I then happened upon Sharon McGrayne’s fun little read, The Theory that Would Not Die. I read it because I had the time and because it seemed like an interesting subject, but the book gave me enough information about Bayesian approaches to nudge me out of being complacent in my ignorance. I started looking for some resources on Bayesian statistics that were geared towards practical application rather than the underlying mathematics (I really enjoy the application part, and in most cases I’m content to trust other people that the math part has been taken care of pretty well). I came across John Kruschke’s book, Doing Bayesian Data Analysis. By the end of the first chapter, I was very interested. By the end of chapter 11, I was really mad that no one had ever told me about this stuff before. By the end the entire book, there was no turning back.
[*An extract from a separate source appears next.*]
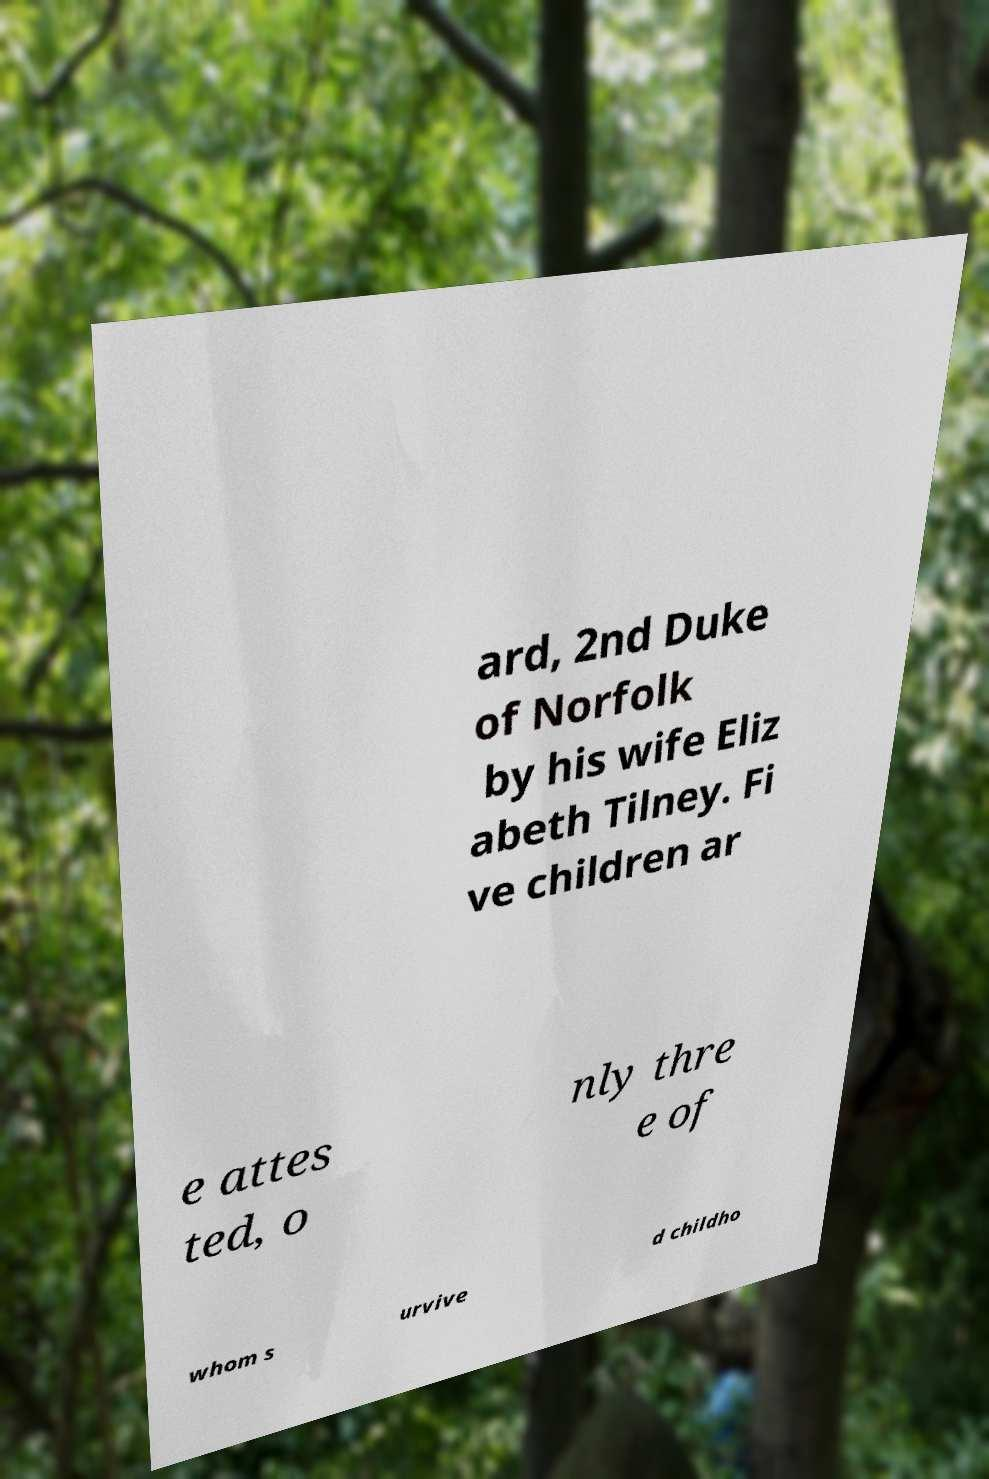Please identify and transcribe the text found in this image. ard, 2nd Duke of Norfolk by his wife Eliz abeth Tilney. Fi ve children ar e attes ted, o nly thre e of whom s urvive d childho

R has a lot of resources for doing all kinds of Bayesian stuff, but it seems that, traditionally, the main tool for doing Bayesian modeling has been BUGS, which can be accessed through R using various packages such as R2WinBugs, and more recently JAGS, which can be called through packages such as R2Jags. But two things kept me off the BUGS/JAGS route.
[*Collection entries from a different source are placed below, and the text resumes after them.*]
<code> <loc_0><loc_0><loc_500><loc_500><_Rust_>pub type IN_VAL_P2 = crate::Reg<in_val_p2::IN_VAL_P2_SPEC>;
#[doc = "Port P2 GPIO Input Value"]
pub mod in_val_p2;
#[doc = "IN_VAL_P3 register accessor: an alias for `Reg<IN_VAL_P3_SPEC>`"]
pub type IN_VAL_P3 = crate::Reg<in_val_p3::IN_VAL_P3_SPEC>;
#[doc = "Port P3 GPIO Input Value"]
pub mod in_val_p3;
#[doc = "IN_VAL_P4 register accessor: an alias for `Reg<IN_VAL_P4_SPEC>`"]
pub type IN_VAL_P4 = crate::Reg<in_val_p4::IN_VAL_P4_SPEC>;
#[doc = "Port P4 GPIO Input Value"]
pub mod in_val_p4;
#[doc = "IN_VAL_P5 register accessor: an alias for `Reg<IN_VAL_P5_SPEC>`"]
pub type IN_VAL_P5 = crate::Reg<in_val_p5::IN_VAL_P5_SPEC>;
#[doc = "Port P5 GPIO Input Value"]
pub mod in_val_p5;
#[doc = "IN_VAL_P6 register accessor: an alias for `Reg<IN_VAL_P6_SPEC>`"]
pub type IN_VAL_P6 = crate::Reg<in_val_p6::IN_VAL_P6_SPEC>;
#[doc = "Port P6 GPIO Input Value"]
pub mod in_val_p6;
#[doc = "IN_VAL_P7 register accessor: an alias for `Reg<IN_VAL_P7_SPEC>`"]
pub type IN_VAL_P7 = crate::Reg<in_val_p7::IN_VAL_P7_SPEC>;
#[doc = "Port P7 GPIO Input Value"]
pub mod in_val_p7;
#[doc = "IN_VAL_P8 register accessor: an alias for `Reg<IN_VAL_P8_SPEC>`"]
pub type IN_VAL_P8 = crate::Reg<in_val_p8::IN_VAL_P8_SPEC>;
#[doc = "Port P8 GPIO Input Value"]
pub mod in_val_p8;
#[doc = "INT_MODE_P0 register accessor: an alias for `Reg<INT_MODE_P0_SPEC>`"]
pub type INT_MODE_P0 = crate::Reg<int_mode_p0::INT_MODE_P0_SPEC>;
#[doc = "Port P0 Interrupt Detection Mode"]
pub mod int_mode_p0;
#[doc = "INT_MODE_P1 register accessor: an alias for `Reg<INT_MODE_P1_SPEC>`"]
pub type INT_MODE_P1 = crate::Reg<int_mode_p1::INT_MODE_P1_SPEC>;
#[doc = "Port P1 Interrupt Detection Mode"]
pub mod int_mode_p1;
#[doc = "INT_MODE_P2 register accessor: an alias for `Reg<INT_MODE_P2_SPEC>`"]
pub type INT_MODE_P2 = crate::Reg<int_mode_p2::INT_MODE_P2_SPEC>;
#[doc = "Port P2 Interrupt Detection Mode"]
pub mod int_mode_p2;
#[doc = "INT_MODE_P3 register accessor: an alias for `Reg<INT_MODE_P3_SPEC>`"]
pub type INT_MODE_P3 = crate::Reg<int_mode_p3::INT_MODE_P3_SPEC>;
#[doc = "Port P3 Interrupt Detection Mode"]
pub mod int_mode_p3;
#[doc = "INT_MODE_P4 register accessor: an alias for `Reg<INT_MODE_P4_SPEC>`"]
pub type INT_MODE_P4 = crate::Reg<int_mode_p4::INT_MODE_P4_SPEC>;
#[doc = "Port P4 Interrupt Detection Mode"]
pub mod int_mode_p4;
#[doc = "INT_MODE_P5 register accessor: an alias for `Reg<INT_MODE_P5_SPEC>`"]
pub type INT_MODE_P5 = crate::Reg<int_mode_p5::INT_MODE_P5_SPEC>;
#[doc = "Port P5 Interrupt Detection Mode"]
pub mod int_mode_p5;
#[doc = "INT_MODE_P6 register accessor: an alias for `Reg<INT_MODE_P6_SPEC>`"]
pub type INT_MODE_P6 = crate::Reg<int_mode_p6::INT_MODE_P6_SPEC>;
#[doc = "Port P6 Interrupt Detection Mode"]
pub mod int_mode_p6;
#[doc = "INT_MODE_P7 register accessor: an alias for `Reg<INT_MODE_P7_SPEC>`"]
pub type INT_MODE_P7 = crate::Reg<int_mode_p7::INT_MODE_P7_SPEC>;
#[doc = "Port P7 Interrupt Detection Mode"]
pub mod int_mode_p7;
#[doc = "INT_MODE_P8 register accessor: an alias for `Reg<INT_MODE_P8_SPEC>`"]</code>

First, they have their own syntax – the way you specify a regression model in nearly every R package is not the way you specify a model in BUGS/JAGS. That’s not the fault of those programs – they weren’t designed to be R add-ons. It’s just that my list of syntaxes to learn is pretty long, and BUGS/JAGS syntax is not very high on that list. In the amount of time it would take me to learn BUGS syntax well I could learn a little Java or Python syntax and still get (in my opinion) a much greater return on my investment. But besides the syntax issue, BUGS and JAGS are known for being pretty slow. That’s not a bad thing in and of itself – some things just take time to do – but if a faster option exists that doesn’t require me to learn new syntax, that leaves me little reason to choose the slower tools.

So I was happy when I came across the MCMCglmm package. I was already familiar with generalized linear mixed-effects models (GLMMs), the syntax was very similar to what is used in other standard R functions such as glm() and the lme4 package’s glmer(), and according to comparisons run by MCMCglmm author Jarrod Hadfield, “on a 2.5Ghz dual core MacBook Pro with 2GB RAM, MCMCglmm took 7.6 minutes and WinBUGS took 4.8 hours to fit the [same] model.” Most of my projects have short deadlines, so 8 minutes looked a whole lot better than 5 hours.
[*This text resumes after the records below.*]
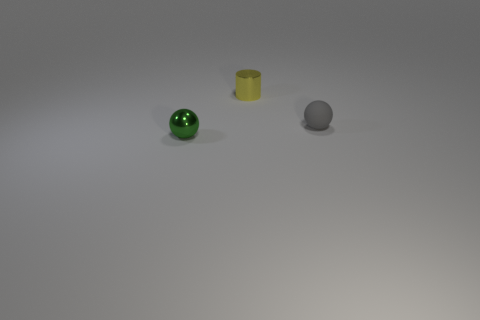There is an object that is both in front of the tiny yellow object and to the left of the tiny rubber ball; what is its shape? The object that is located both in front of the tiny yellow cylinder and to the left of the tiny rubber ball is shaped like a sphere. 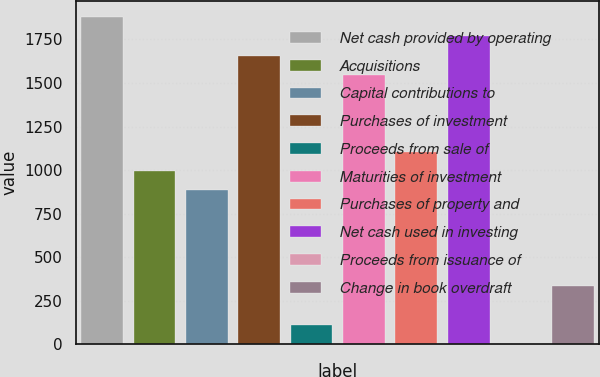<chart> <loc_0><loc_0><loc_500><loc_500><bar_chart><fcel>Net cash provided by operating<fcel>Acquisitions<fcel>Capital contributions to<fcel>Purchases of investment<fcel>Proceeds from sale of<fcel>Maturities of investment<fcel>Purchases of property and<fcel>Net cash used in investing<fcel>Proceeds from issuance of<fcel>Change in book overdraft<nl><fcel>1878.6<fcel>995.64<fcel>885.27<fcel>1657.86<fcel>112.68<fcel>1547.49<fcel>1106.01<fcel>1768.23<fcel>2.31<fcel>333.42<nl></chart> 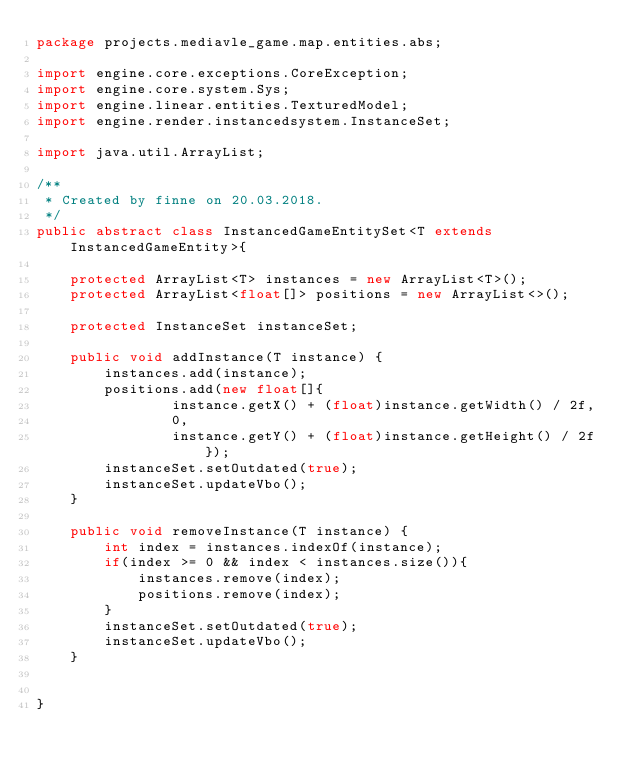Convert code to text. <code><loc_0><loc_0><loc_500><loc_500><_Java_>package projects.mediavle_game.map.entities.abs;

import engine.core.exceptions.CoreException;
import engine.core.system.Sys;
import engine.linear.entities.TexturedModel;
import engine.render.instancedsystem.InstanceSet;

import java.util.ArrayList;

/**
 * Created by finne on 20.03.2018.
 */
public abstract class InstancedGameEntitySet<T extends InstancedGameEntity>{

    protected ArrayList<T> instances = new ArrayList<T>();
    protected ArrayList<float[]> positions = new ArrayList<>();

    protected InstanceSet instanceSet;

    public void addInstance(T instance) {
        instances.add(instance);
        positions.add(new float[]{
                instance.getX() + (float)instance.getWidth() / 2f,
                0,
                instance.getY() + (float)instance.getHeight() / 2f});
        instanceSet.setOutdated(true);
        instanceSet.updateVbo();
    }

    public void removeInstance(T instance) {
        int index = instances.indexOf(instance);
        if(index >= 0 && index < instances.size()){
            instances.remove(index);
            positions.remove(index);
        }
        instanceSet.setOutdated(true);
        instanceSet.updateVbo();
    }


}
</code> 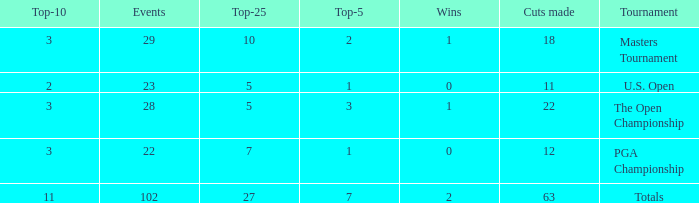How many top 10s when he had under 1 top 5s? None. 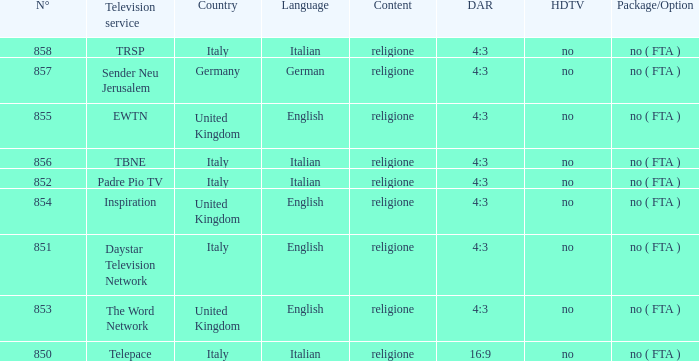What television service is in italy and is in english? Daystar Television Network.

I’ve used MCMCglmm for several projects, most recently a few analyses to inform decisions about market segmentation, and while I’m generally happy with it there are a few little things and one really, really big thing that I would like to be different. The little things have to do with defaults – I want to have options for default priors, because they’re useful and save time when exploring, and I don’t like the default of not saving the estimates for random effects when modeling and marginalizing across all random effects when predicting.

But like I said, those are really small things. It’s not hard to change the settings from the defaults. What I really, really don’t like is that the predict function for MCMCglmm can’t handle new data. I can run a model and then use the predict() function to get calculations of what the model says each of the original data points ought to be, but I can’t feed it a new set of data containing the same predictor variables as were used in the original model and have the model estimate what the response variable ought to be for those data points. I’m not blaming the package’s author for this shortcoming. It’s R: I’m already getting tons more than I pay for. I’m sure he’ll get around to doing it eventually. But for right, now, I need to be able to predict new data.

I mainly need that capability is for cross validation. There are many ways of evaluating a model. Most of the ways I see tend to focus on individual parameters instead of the model as a whole. It’s already very easy to get estimates of how much confidence a parameter estimate warrants and things like that. And it’s easy to see how well the model fits the data used to construct the model – but that’s the problem: while it’s better than nothing, it’s not a very rigorous measure of a model’s performance to see how well it post-dicts the data that were used to train the model in the first place. That’s where cross-validation comes in handy – randomly exclude a small portion of your data, build the model based on the larger portion, and then see how well the model predicts the omitted smaller portion. It’s a pretty straightforward way to see how much the model diverges from reality.

So I finally made some time to write some functions, most of them just tweaking the MCMCglmm functions, to allow me to cross-validate my models. You can find and/or edit the source code here and can load all the functions in R by entering:

[sourcecode language=”r”]
source("https://raw.github.com/schaunwheeler/tmt/master/R/mcmcglmm.R")
[/sourcecode]

For right now, I’m calling the set of functions mcmcglmm (all lowercase letters) because they’re really just a modification of the MCMCglmm functions, which are doing all the heavy lifting.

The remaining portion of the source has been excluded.